WHAT YOU WILL DO
Your answer must be an exact copy of the entries, containing no images.

GIVEN DATA

◇ ◇ ◇ ◇ ◇ ◇ ◇

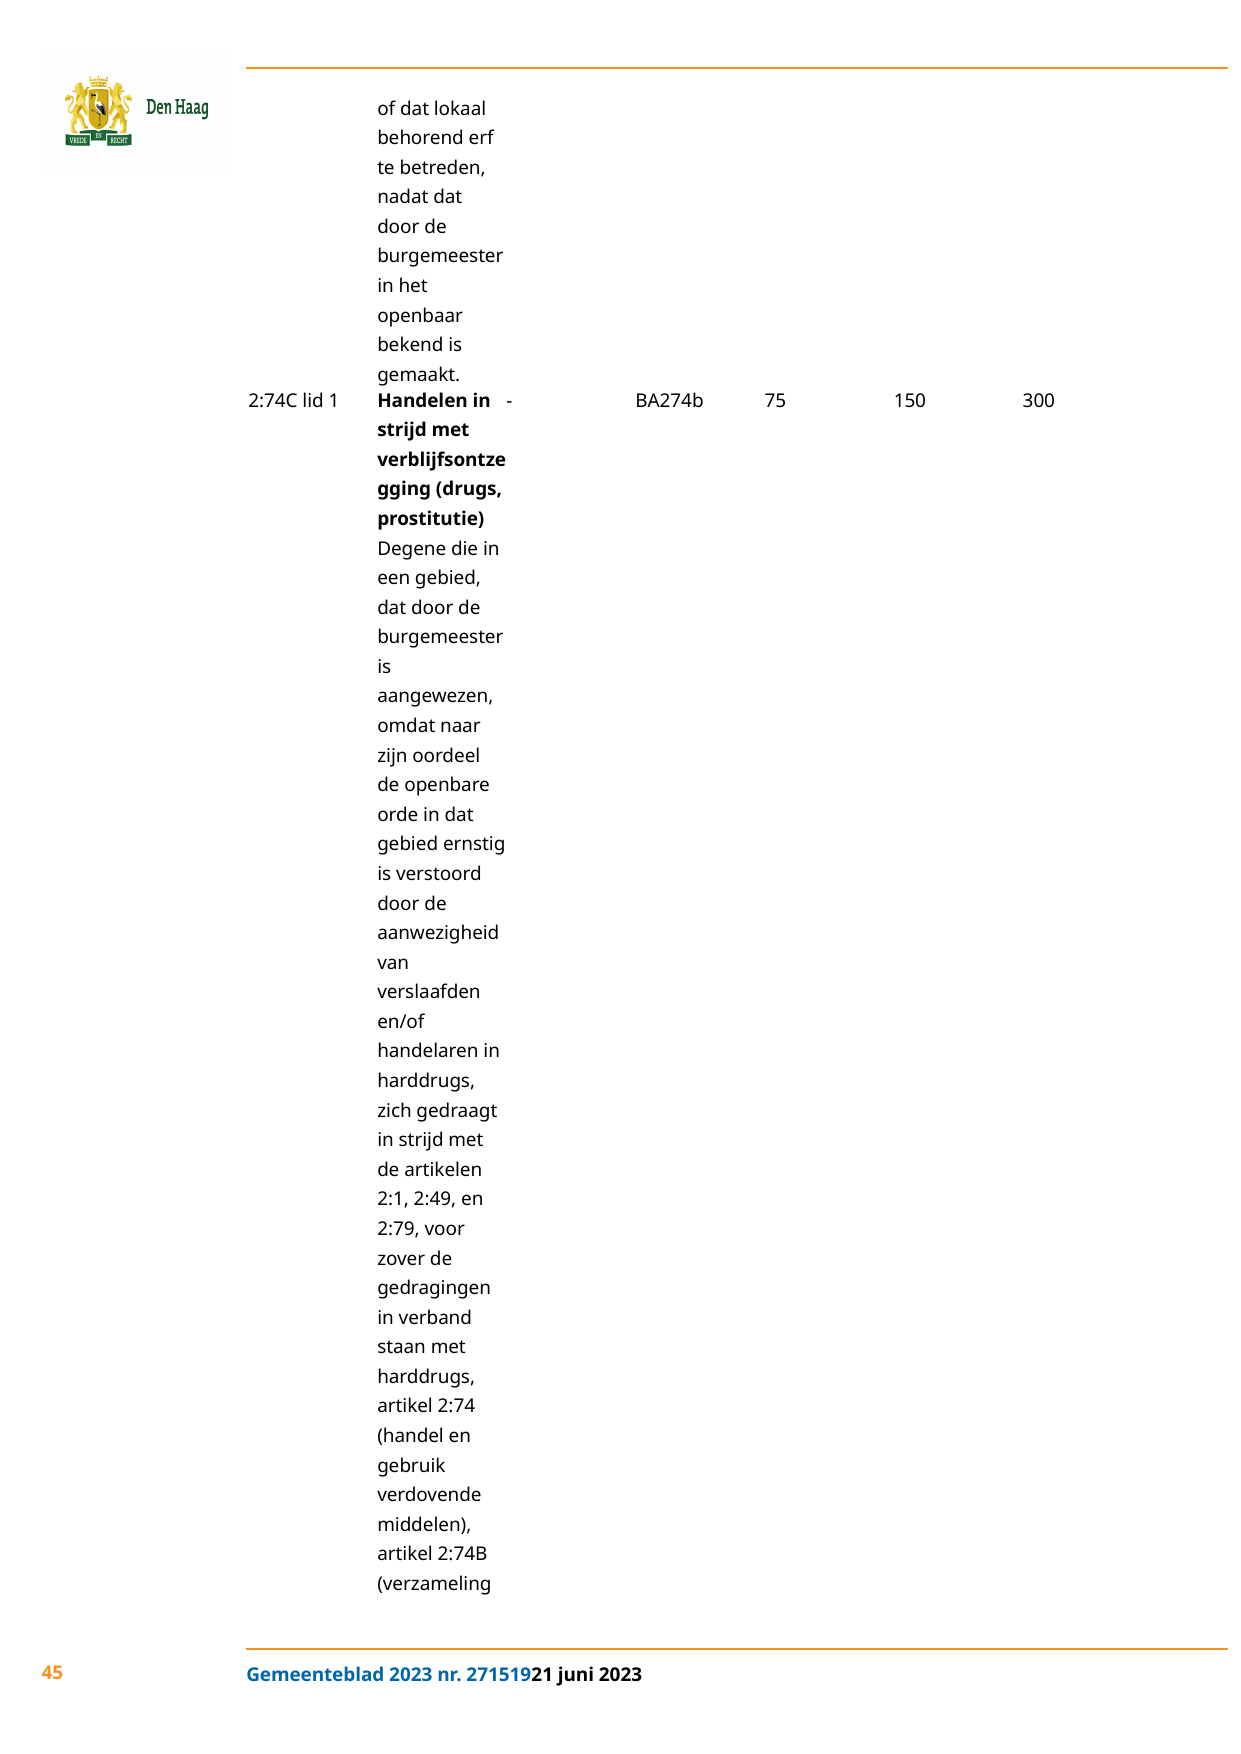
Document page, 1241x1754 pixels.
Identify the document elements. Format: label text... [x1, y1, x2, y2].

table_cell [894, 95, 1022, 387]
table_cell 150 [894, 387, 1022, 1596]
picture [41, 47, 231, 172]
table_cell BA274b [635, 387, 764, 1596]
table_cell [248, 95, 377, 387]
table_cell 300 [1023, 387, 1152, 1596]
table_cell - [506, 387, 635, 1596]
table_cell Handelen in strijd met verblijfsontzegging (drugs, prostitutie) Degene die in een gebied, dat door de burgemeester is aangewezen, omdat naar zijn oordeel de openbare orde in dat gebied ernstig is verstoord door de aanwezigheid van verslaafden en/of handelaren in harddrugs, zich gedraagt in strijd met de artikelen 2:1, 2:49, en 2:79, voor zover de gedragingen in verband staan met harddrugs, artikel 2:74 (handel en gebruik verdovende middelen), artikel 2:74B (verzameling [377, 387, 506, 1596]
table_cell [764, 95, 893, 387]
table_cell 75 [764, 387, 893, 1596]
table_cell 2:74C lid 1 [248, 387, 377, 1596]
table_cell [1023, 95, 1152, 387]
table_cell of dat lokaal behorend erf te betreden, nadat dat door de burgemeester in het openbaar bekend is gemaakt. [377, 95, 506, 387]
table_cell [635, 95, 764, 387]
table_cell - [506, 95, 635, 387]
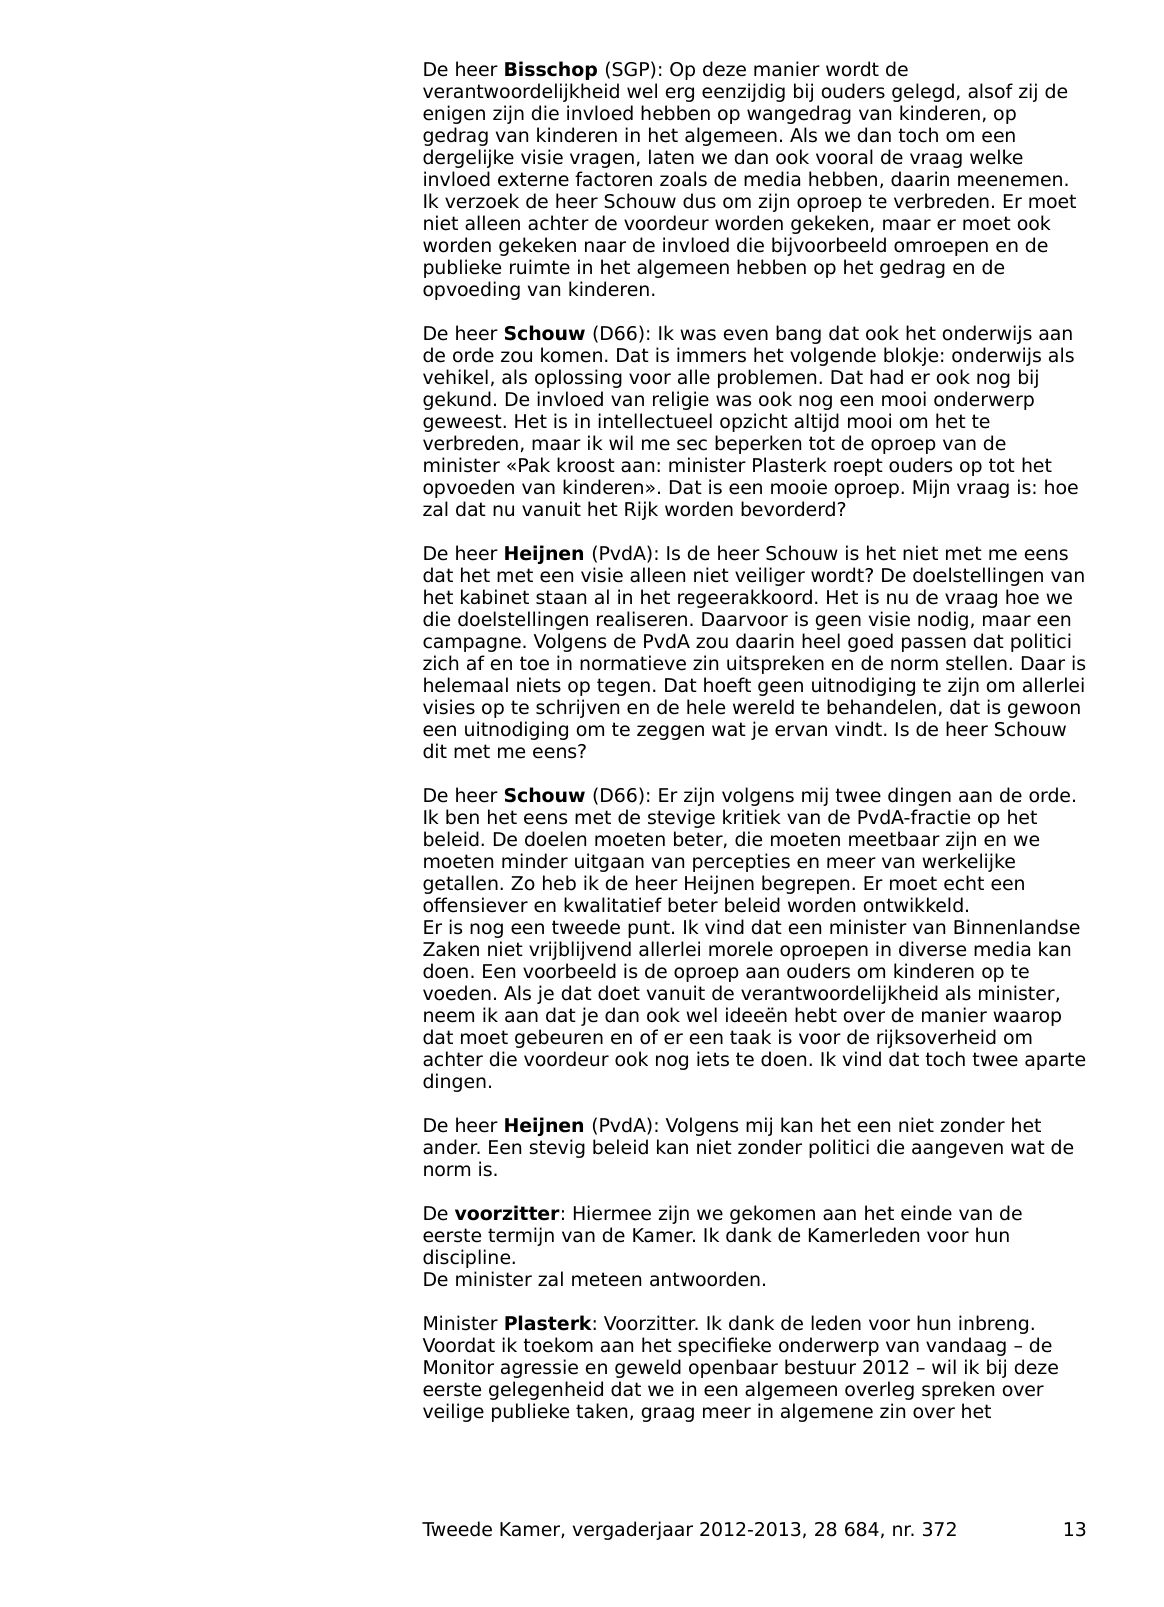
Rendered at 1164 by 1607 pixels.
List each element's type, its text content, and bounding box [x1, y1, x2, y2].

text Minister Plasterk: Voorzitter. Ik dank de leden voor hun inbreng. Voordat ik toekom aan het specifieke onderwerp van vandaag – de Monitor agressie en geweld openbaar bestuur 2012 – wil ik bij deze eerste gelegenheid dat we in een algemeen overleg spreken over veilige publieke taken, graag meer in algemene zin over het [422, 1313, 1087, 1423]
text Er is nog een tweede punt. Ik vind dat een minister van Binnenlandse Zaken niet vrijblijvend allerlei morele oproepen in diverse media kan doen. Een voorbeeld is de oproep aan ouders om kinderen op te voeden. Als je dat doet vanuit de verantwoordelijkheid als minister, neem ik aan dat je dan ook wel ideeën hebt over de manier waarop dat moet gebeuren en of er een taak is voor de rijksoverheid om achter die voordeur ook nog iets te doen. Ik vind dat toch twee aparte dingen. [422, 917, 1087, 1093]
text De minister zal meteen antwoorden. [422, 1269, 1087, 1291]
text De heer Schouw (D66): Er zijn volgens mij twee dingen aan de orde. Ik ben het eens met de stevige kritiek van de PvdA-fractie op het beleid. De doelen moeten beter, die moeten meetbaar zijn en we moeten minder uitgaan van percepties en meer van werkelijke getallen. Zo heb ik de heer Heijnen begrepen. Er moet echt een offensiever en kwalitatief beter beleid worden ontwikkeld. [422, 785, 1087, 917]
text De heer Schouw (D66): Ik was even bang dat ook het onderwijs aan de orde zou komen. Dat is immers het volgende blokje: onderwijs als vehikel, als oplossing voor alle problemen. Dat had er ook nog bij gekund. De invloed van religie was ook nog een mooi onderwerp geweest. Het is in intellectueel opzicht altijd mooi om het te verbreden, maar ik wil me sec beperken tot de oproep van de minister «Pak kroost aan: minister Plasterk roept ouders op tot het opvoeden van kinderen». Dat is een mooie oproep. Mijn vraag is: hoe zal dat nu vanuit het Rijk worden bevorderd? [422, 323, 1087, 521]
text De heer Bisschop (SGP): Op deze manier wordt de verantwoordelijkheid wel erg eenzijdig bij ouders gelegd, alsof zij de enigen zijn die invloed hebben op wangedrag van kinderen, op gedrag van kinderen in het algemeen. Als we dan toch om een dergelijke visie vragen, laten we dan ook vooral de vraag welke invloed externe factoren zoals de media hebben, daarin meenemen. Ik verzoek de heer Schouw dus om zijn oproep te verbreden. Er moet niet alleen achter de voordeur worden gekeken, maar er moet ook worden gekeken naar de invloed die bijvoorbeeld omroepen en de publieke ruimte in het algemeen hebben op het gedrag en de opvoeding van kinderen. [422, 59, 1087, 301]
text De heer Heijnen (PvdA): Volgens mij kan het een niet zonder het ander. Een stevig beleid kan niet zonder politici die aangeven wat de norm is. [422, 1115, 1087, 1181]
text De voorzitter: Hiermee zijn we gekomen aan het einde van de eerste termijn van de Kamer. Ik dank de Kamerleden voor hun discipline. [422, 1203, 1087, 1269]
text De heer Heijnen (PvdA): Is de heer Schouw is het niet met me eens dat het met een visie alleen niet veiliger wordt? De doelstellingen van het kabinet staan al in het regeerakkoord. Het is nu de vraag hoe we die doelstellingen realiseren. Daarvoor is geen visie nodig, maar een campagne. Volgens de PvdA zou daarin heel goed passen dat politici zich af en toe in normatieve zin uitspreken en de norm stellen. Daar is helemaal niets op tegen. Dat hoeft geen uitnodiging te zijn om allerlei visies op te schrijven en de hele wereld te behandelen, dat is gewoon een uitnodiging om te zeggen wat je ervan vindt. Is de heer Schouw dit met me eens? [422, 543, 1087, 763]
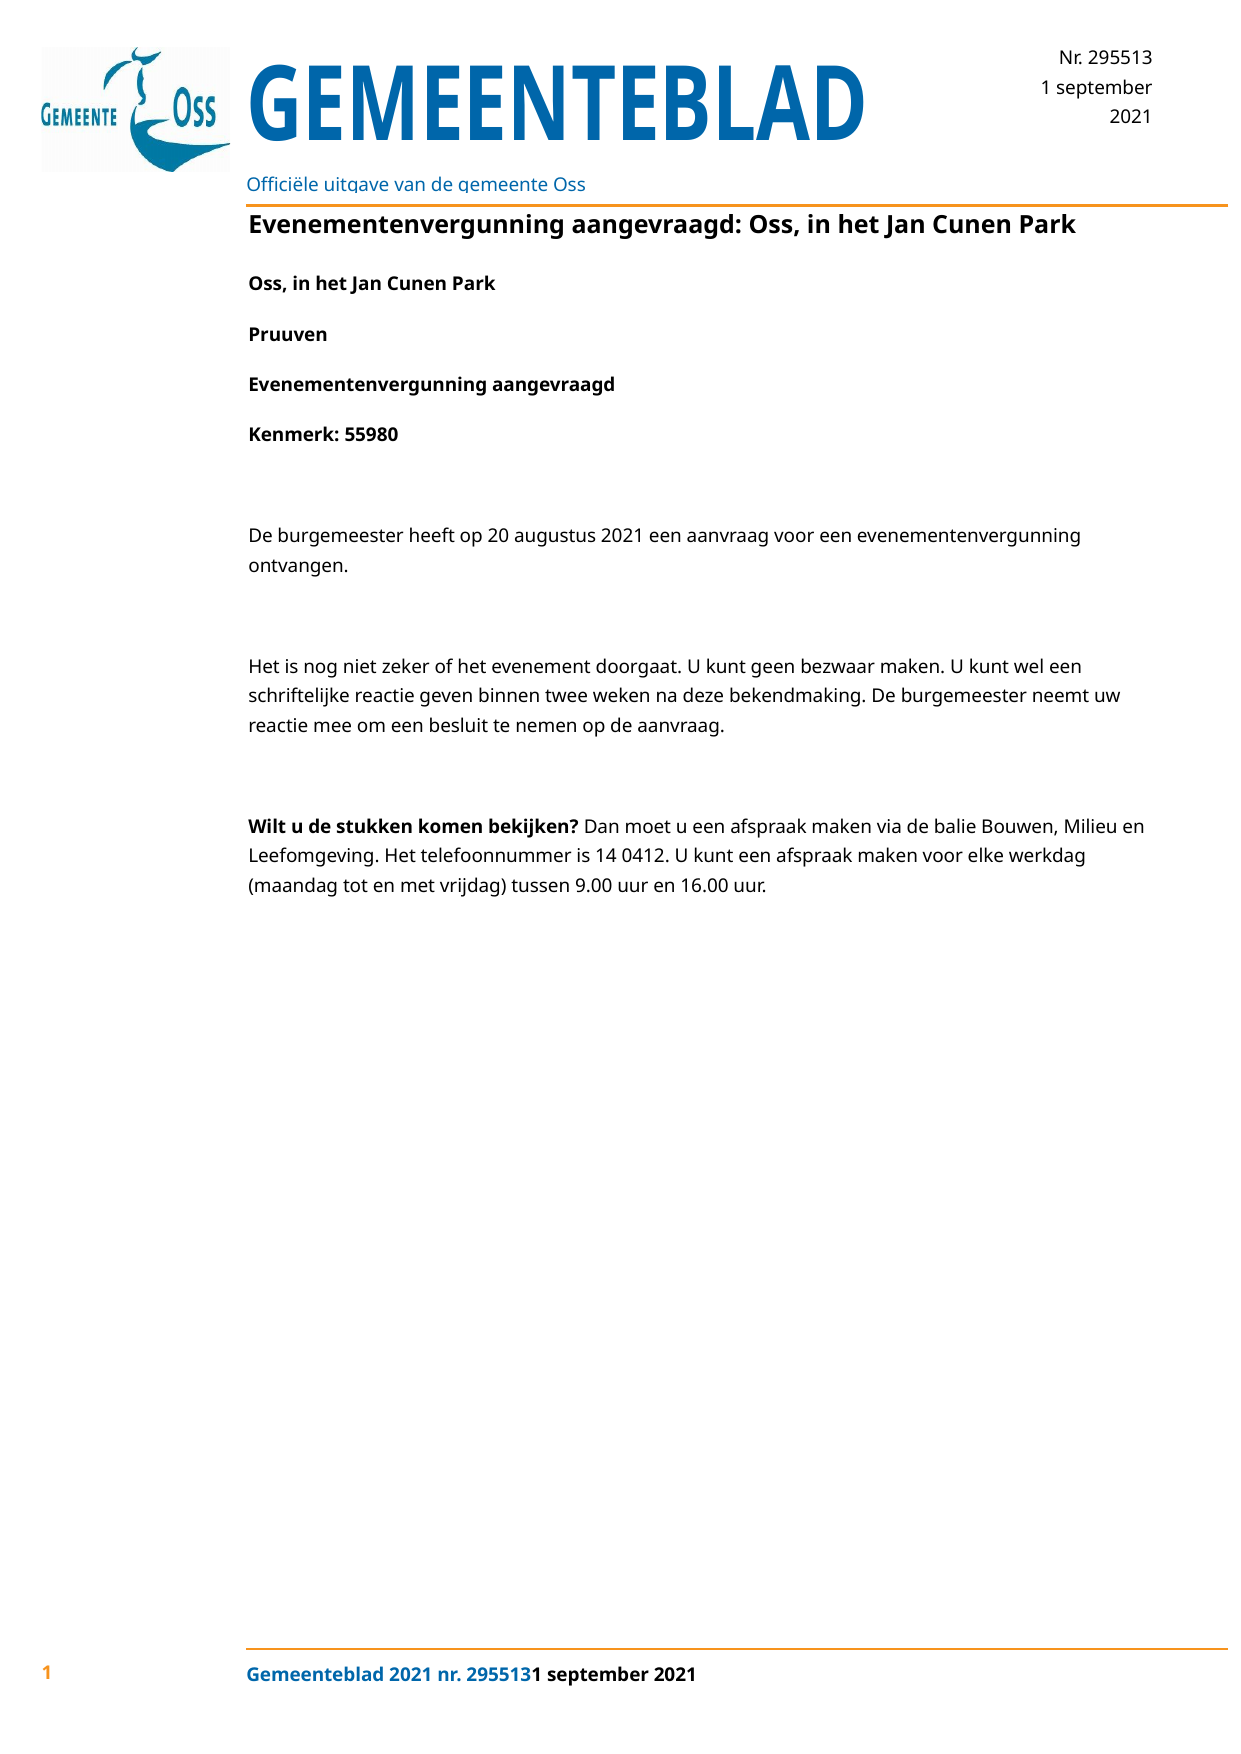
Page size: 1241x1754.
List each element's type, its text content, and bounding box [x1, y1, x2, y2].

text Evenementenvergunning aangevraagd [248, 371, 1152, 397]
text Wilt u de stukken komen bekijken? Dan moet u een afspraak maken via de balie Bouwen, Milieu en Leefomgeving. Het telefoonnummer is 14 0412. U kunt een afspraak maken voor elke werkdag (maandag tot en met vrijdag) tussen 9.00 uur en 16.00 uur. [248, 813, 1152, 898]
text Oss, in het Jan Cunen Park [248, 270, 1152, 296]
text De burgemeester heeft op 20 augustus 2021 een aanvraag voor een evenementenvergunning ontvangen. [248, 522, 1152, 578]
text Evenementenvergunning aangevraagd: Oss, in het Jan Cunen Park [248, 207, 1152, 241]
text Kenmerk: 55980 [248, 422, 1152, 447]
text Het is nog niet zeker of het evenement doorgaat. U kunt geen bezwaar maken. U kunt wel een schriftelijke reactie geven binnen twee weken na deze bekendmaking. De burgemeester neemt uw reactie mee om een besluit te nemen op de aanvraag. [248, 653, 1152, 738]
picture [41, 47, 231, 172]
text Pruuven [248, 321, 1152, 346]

◇ ◇ ◇ ◇ ◇ ◇ ◇

WRITTEN RESPONSE
Document page, 1241x1754 pixels.
Identify the document elements. Format: label text... [x1, y1, x2, y2].

table_cell [894, 95, 1022, 387]
table_cell 150 [894, 387, 1022, 1596]
picture [41, 47, 231, 172]
table_cell BA274b [635, 387, 764, 1596]
table_cell [248, 95, 377, 387]
table_cell 300 [1023, 387, 1152, 1596]
table_cell - [506, 387, 635, 1596]
table_cell Handelen in strijd met verblijfsontzegging (drugs, prostitutie) Degene die in een gebied, dat door de burgemeester is aangewezen, omdat naar zijn oordeel de openbare orde in dat gebied ernstig is verstoord door de aanwezigheid van verslaafden en/of handelaren in harddrugs, zich gedraagt in strijd met de artikelen 2:1, 2:49, en 2:79, voor zover de gedragingen in verband staan met harddrugs, artikel 2:74 (handel en gebruik verdovende middelen), artikel 2:74B (verzameling [377, 387, 506, 1596]
table_cell [764, 95, 893, 387]
table_cell 75 [764, 387, 893, 1596]
table_cell 2:74C lid 1 [248, 387, 377, 1596]
table_cell [1023, 95, 1152, 387]
table_cell of dat lokaal behorend erf te betreden, nadat dat door de burgemeester in het openbaar bekend is gemaakt. [377, 95, 506, 387]
table_cell [635, 95, 764, 387]
table_cell - [506, 95, 635, 387]
Rendered at 1164 by 1607 pixels.
List each element's type, its text content, and bounding box [x1, y1, x2, y2].

text Minister Plasterk: Voorzitter. Ik dank de leden voor hun inbreng. Voordat ik toekom aan het specifieke onderwerp van vandaag – de Monitor agressie en geweld openbaar bestuur 2012 – wil ik bij deze eerste gelegenheid dat we in een algemeen overleg spreken over veilige publieke taken, graag meer in algemene zin over het [422, 1313, 1087, 1423]
text Er is nog een tweede punt. Ik vind dat een minister van Binnenlandse Zaken niet vrijblijvend allerlei morele oproepen in diverse media kan doen. Een voorbeeld is de oproep aan ouders om kinderen op te voeden. Als je dat doet vanuit de verantwoordelijkheid als minister, neem ik aan dat je dan ook wel ideeën hebt over de manier waarop dat moet gebeuren en of er een taak is voor de rijksoverheid om achter die voordeur ook nog iets te doen. Ik vind dat toch twee aparte dingen. [422, 917, 1087, 1093]
text De minister zal meteen antwoorden. [422, 1269, 1087, 1291]
text De heer Schouw (D66): Er zijn volgens mij twee dingen aan de orde. Ik ben het eens met de stevige kritiek van de PvdA-fractie op het beleid. De doelen moeten beter, die moeten meetbaar zijn en we moeten minder uitgaan van percepties en meer van werkelijke getallen. Zo heb ik de heer Heijnen begrepen. Er moet echt een offensiever en kwalitatief beter beleid worden ontwikkeld. [422, 785, 1087, 917]
text De heer Schouw (D66): Ik was even bang dat ook het onderwijs aan de orde zou komen. Dat is immers het volgende blokje: onderwijs als vehikel, als oplossing voor alle problemen. Dat had er ook nog bij gekund. De invloed van religie was ook nog een mooi onderwerp geweest. Het is in intellectueel opzicht altijd mooi om het te verbreden, maar ik wil me sec beperken tot de oproep van de minister «Pak kroost aan: minister Plasterk roept ouders op tot het opvoeden van kinderen». Dat is een mooie oproep. Mijn vraag is: hoe zal dat nu vanuit het Rijk worden bevorderd? [422, 323, 1087, 521]
text De heer Bisschop (SGP): Op deze manier wordt de verantwoordelijkheid wel erg eenzijdig bij ouders gelegd, alsof zij de enigen zijn die invloed hebben op wangedrag van kinderen, op gedrag van kinderen in het algemeen. Als we dan toch om een dergelijke visie vragen, laten we dan ook vooral de vraag welke invloed externe factoren zoals de media hebben, daarin meenemen. Ik verzoek de heer Schouw dus om zijn oproep te verbreden. Er moet niet alleen achter de voordeur worden gekeken, maar er moet ook worden gekeken naar de invloed die bijvoorbeeld omroepen en de publieke ruimte in het algemeen hebben op het gedrag en de opvoeding van kinderen. [422, 59, 1087, 301]
text De heer Heijnen (PvdA): Volgens mij kan het een niet zonder het ander. Een stevig beleid kan niet zonder politici die aangeven wat de norm is. [422, 1115, 1087, 1181]
text De voorzitter: Hiermee zijn we gekomen aan het einde van de eerste termijn van de Kamer. Ik dank de Kamerleden voor hun discipline. [422, 1203, 1087, 1269]
text De heer Heijnen (PvdA): Is de heer Schouw is het niet met me eens dat het met een visie alleen niet veiliger wordt? De doelstellingen van het kabinet staan al in het regeerakkoord. Het is nu de vraag hoe we die doelstellingen realiseren. Daarvoor is geen visie nodig, maar een campagne. Volgens de PvdA zou daarin heel goed passen dat politici zich af en toe in normatieve zin uitspreken en de norm stellen. Daar is helemaal niets op tegen. Dat hoeft geen uitnodiging te zijn om allerlei visies op te schrijven en de hele wereld te behandelen, dat is gewoon een uitnodiging om te zeggen wat je ervan vindt. Is de heer Schouw dit met me eens? [422, 543, 1087, 763]
Page size: 1241x1754.
List each element's type, its text content, and bounding box [x1, y1, x2, y2].

text Evenementenvergunning aangevraagd [248, 371, 1152, 397]
text Wilt u de stukken komen bekijken? Dan moet u een afspraak maken via de balie Bouwen, Milieu en Leefomgeving. Het telefoonnummer is 14 0412. U kunt een afspraak maken voor elke werkdag (maandag tot en met vrijdag) tussen 9.00 uur en 16.00 uur. [248, 813, 1152, 898]
text Oss, in het Jan Cunen Park [248, 270, 1152, 296]
text De burgemeester heeft op 20 augustus 2021 een aanvraag voor een evenementenvergunning ontvangen. [248, 522, 1152, 578]
text Evenementenvergunning aangevraagd: Oss, in het Jan Cunen Park [248, 207, 1152, 241]
text Kenmerk: 55980 [248, 422, 1152, 447]
text Het is nog niet zeker of het evenement doorgaat. U kunt geen bezwaar maken. U kunt wel een schriftelijke reactie geven binnen twee weken na deze bekendmaking. De burgemeester neemt uw reactie mee om een besluit te nemen op de aanvraag. [248, 653, 1152, 738]
picture [41, 47, 231, 172]
text Pruuven [248, 321, 1152, 346]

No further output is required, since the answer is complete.